Exercise objective: Set every entry down again, unchanged, picture-free.

Recorded data:
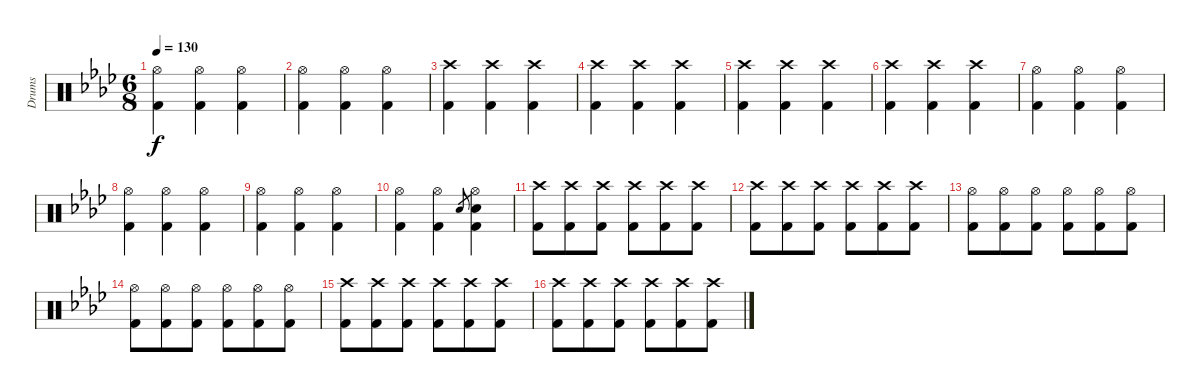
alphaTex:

\track ("Drums" "Drums") {instrument percussion}
\staff {score}
\articulation defaults
\ts (6 8)
\tempo 130
\clef neutral
\ks ab
("Hi-Hat (open)" "Kick (hit) 2").4{dy f} ("Hi-Hat (open)" "Kick (hit) 2").4 ("Hi-Hat (open)" "Kick (hit) 2").4 |
("Hi-Hat (open)" "Kick (hit) 2").4 ("Hi-Hat (open)" "Kick (hit) 2").4 ("Hi-Hat (open)" "Kick (hit) 2").4 |
("Crash high (hit)" "Kick (hit) 2").4 ("Crash high (hit)" "Kick (hit) 2").4 ("Crash high (hit)" "Kick (hit) 2").4 |
("Crash high (hit)" "Kick (hit) 2").4 ("Crash high (hit)" "Kick (hit) 2").4 ("Crash high (hit)" "Kick (hit) 2").4 |
("Crash high (hit)" "Kick (hit) 2").4 ("Crash high (hit)" "Kick (hit) 2").4 ("Crash high (hit)" "Kick (hit) 2").4 |
("Crash high (hit)" "Kick (hit) 2").4 ("Crash high (hit)" "Kick (hit) 2").4 ("Crash high (hit)" "Kick (hit) 2").4 |
("Hi-Hat (open)" "Kick (hit) 2").4 ("Hi-Hat (open)" "Kick (hit) 2").4 ("Hi-Hat (open)" "Kick (hit) 2").4 |
("Hi-Hat (open)" "Kick (hit) 2").4 ("Hi-Hat (open)" "Kick (hit) 2").4 ("Hi-Hat (open)" "Kick (hit) 2").4 |
("Hi-Hat (open)" "Kick (hit) 2").4 ("Hi-Hat (open)" "Kick (hit) 2").4 ("Hi-Hat (open)" "Kick (hit) 2").4 |
("Hi-Hat (open)" "Kick (hit) 2").4 ("Hi-Hat (open)" "Kick (hit) 2").4 "Electric Snare (hit)".8{gr} ("Hi-Hat (open)" "Electric Snare (hit)" "Kick (hit) 2").4 |
("Crash high (hit)" "Kick (hit) 2").8 ("Crash high (hit)" "Kick (hit) 2").8 ("Crash high (hit)" "Kick (hit) 2").8 ("Crash high (hit)" "Kick (hit) 2").8 ("Crash high (hit)" "Kick (hit) 2").8 ("Crash high (hit)" "Kick (hit) 2").8 |
("Crash high (hit)" "Kick (hit) 2").8 ("Crash high (hit)" "Kick (hit) 2").8 ("Crash high (hit)" "Kick (hit) 2").8 ("Crash high (hit)" "Kick (hit) 2").8 ("Crash high (hit)" "Kick (hit) 2").8 ("Crash high (hit)" "Kick (hit) 2").8 |
("Hi-Hat (open)" "Kick (hit) 2").8 ("Hi-Hat (open)" "Kick (hit) 2").8 ("Hi-Hat (open)" "Kick (hit) 2").8 ("Hi-Hat (open)" "Kick (hit) 2").8 ("Hi-Hat (open)" "Kick (hit) 2").8 ("Hi-Hat (open)" "Kick (hit) 2").8 |
("Hi-Hat (open)" "Kick (hit) 2").8 ("Hi-Hat (open)" "Kick (hit) 2").8 ("Hi-Hat (open)" "Kick (hit) 2").8 ("Hi-Hat (open)" "Kick (hit) 2").8 ("Hi-Hat (open)" "Kick (hit) 2").8 ("Hi-Hat (open)" "Kick (hit) 2").8 |
("Crash high (hit)" "Kick (hit) 2").8 ("Crash high (hit)" "Kick (hit) 2").8 ("Crash high (hit)" "Kick (hit) 2").8 ("Crash high (hit)" "Kick (hit) 2").8 ("Crash high (hit)" "Kick (hit) 2").8 ("Crash high (hit)" "Kick (hit) 2").8 |
("Crash high (hit)" "Kick (hit) 2").8 ("Crash high (hit)" "Kick (hit) 2").8 ("Crash high (hit)" "Kick (hit) 2").8 ("Crash high (hit)" "Kick (hit) 2").8 ("Crash high (hit)" "Kick (hit) 2").8 ("Crash high (hit)" "Kick (hit) 2").8

The answer:
alphaTex:

\track ("Drums" "Drums") {instrument percussion}
\staff {score}
\articulation defaults
\ts (6 8)
\tempo 130
\clef neutral
\ks ab
("Hi-Hat (open)" "Kick (hit) 2").4{dy f} ("Hi-Hat (open)" "Kick (hit) 2").4 ("Hi-Hat (open)" "Kick (hit) 2").4 |
("Hi-Hat (open)" "Kick (hit) 2").4 ("Hi-Hat (open)" "Kick (hit) 2").4 ("Hi-Hat (open)" "Kick (hit) 2").4 |
("Crash high (hit)" "Kick (hit) 2").4 ("Crash high (hit)" "Kick (hit) 2").4 ("Crash high (hit)" "Kick (hit) 2").4 |
("Crash high (hit)" "Kick (hit) 2").4 ("Crash high (hit)" "Kick (hit) 2").4 ("Crash high (hit)" "Kick (hit) 2").4 |
("Crash high (hit)" "Kick (hit) 2").4 ("Crash high (hit)" "Kick (hit) 2").4 ("Crash high (hit)" "Kick (hit) 2").4 |
("Crash high (hit)" "Kick (hit) 2").4 ("Crash high (hit)" "Kick (hit) 2").4 ("Crash high (hit)" "Kick (hit) 2").4 |
("Hi-Hat (open)" "Kick (hit) 2").4 ("Hi-Hat (open)" "Kick (hit) 2").4 ("Hi-Hat (open)" "Kick (hit) 2").4 |
("Hi-Hat (open)" "Kick (hit) 2").4 ("Hi-Hat (open)" "Kick (hit) 2").4 ("Hi-Hat (open)" "Kick (hit) 2").4 |
("Hi-Hat (open)" "Kick (hit) 2").4 ("Hi-Hat (open)" "Kick (hit) 2").4 ("Hi-Hat (open)" "Kick (hit) 2").4 |
("Hi-Hat (open)" "Kick (hit) 2").4 ("Hi-Hat (open)" "Kick (hit) 2").4 "Electric Snare (hit)".8{gr} ("Hi-Hat (open)" "Electric Snare (hit)" "Kick (hit) 2").4 |
("Crash high (hit)" "Kick (hit) 2").8 ("Crash high (hit)" "Kick (hit) 2").8 ("Crash high (hit)" "Kick (hit) 2").8 ("Crash high (hit)" "Kick (hit) 2").8 ("Crash high (hit)" "Kick (hit) 2").8 ("Crash high (hit)" "Kick (hit) 2").8 |
("Crash high (hit)" "Kick (hit) 2").8 ("Crash high (hit)" "Kick (hit) 2").8 ("Crash high (hit)" "Kick (hit) 2").8 ("Crash high (hit)" "Kick (hit) 2").8 ("Crash high (hit)" "Kick (hit) 2").8 ("Crash high (hit)" "Kick (hit) 2").8 |
("Hi-Hat (open)" "Kick (hit) 2").8 ("Hi-Hat (open)" "Kick (hit) 2").8 ("Hi-Hat (open)" "Kick (hit) 2").8 ("Hi-Hat (open)" "Kick (hit) 2").8 ("Hi-Hat (open)" "Kick (hit) 2").8 ("Hi-Hat (open)" "Kick (hit) 2").8 |
("Hi-Hat (open)" "Kick (hit) 2").8 ("Hi-Hat (open)" "Kick (hit) 2").8 ("Hi-Hat (open)" "Kick (hit) 2").8 ("Hi-Hat (open)" "Kick (hit) 2").8 ("Hi-Hat (open)" "Kick (hit) 2").8 ("Hi-Hat (open)" "Kick (hit) 2").8 |
("Crash high (hit)" "Kick (hit) 2").8 ("Crash high (hit)" "Kick (hit) 2").8 ("Crash high (hit)" "Kick (hit) 2").8 ("Crash high (hit)" "Kick (hit) 2").8 ("Crash high (hit)" "Kick (hit) 2").8 ("Crash high (hit)" "Kick (hit) 2").8 |
("Crash high (hit)" "Kick (hit) 2").8 ("Crash high (hit)" "Kick (hit) 2").8 ("Crash high (hit)" "Kick (hit) 2").8 ("Crash high (hit)" "Kick (hit) 2").8 ("Crash high (hit)" "Kick (hit) 2").8 ("Crash high (hit)" "Kick (hit) 2").8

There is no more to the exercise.